Work to be completed ->
Although the entries contain pictures, only their text goes into the copy, set down exactly.

Given records Start Marker

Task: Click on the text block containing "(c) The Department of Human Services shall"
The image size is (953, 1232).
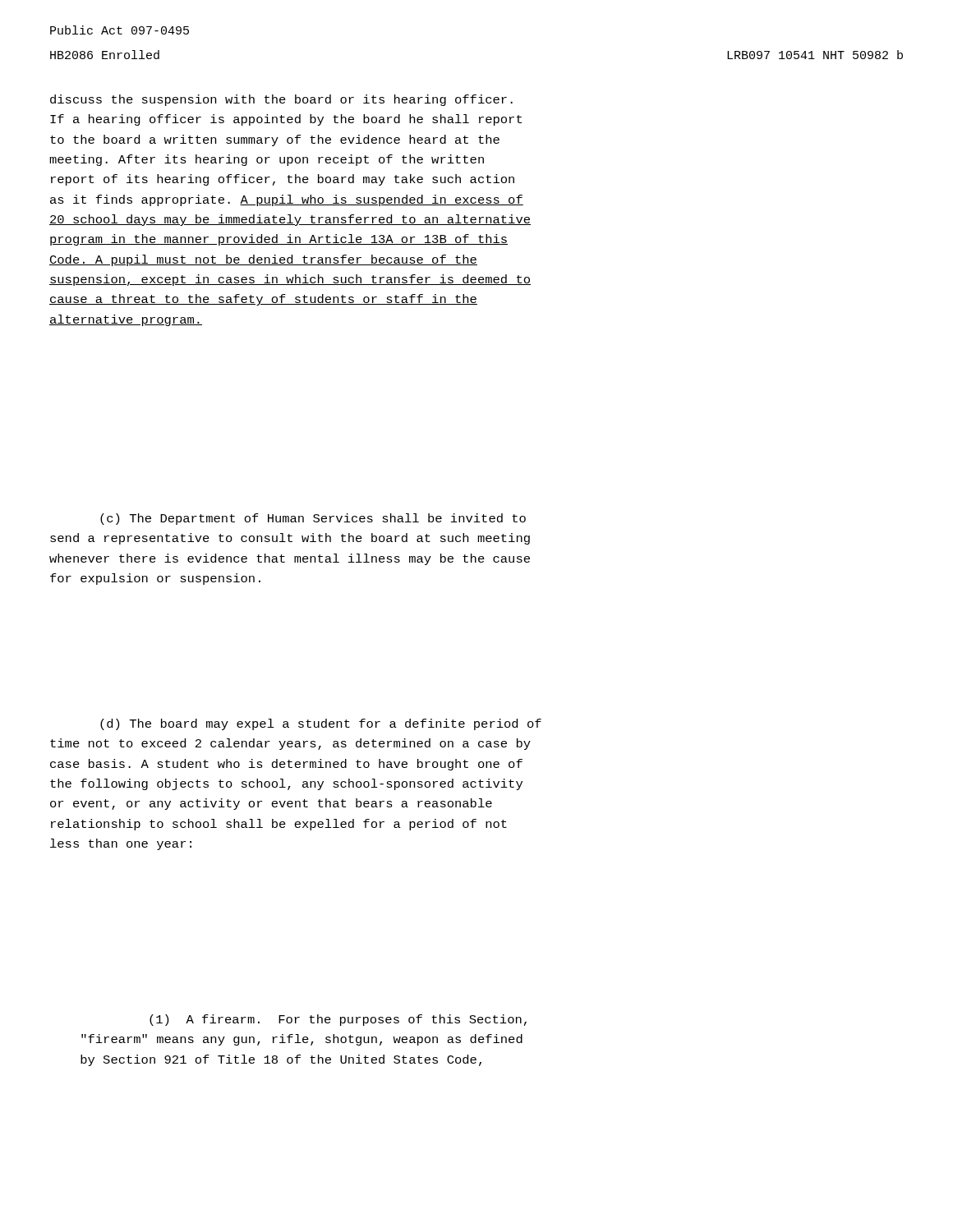Action: coord(476,549)
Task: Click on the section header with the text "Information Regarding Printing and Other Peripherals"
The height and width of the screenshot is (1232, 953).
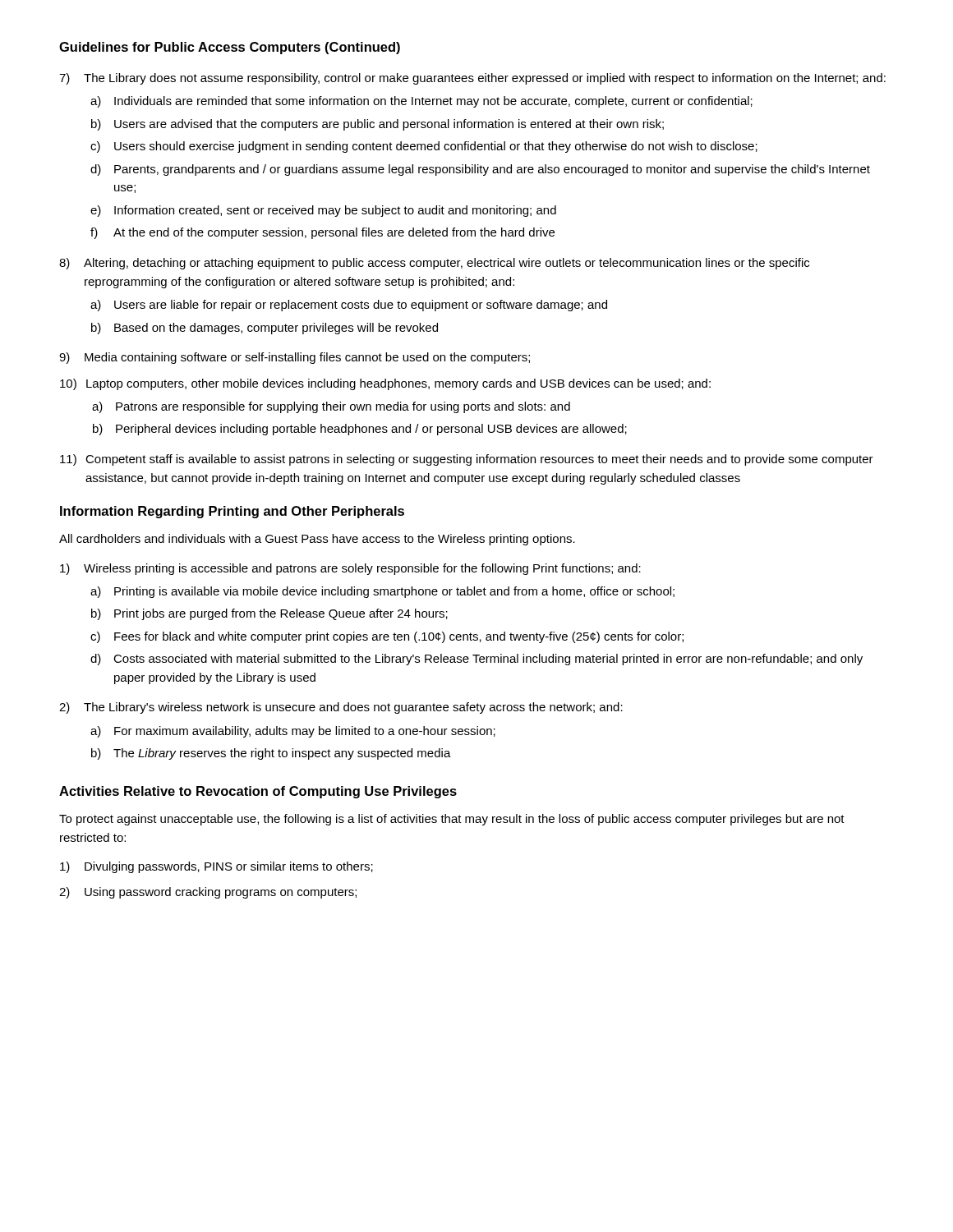Action: [x=232, y=511]

Given records End Marker

Result ->
Task: Click on the text block containing "(c) The Department of Human Services shall"
The image size is (953, 1232).
Action: coord(476,549)
Task: Click on the section header with the text "Information Regarding Printing and Other Peripherals"
The height and width of the screenshot is (1232, 953).
Action: [x=232, y=511]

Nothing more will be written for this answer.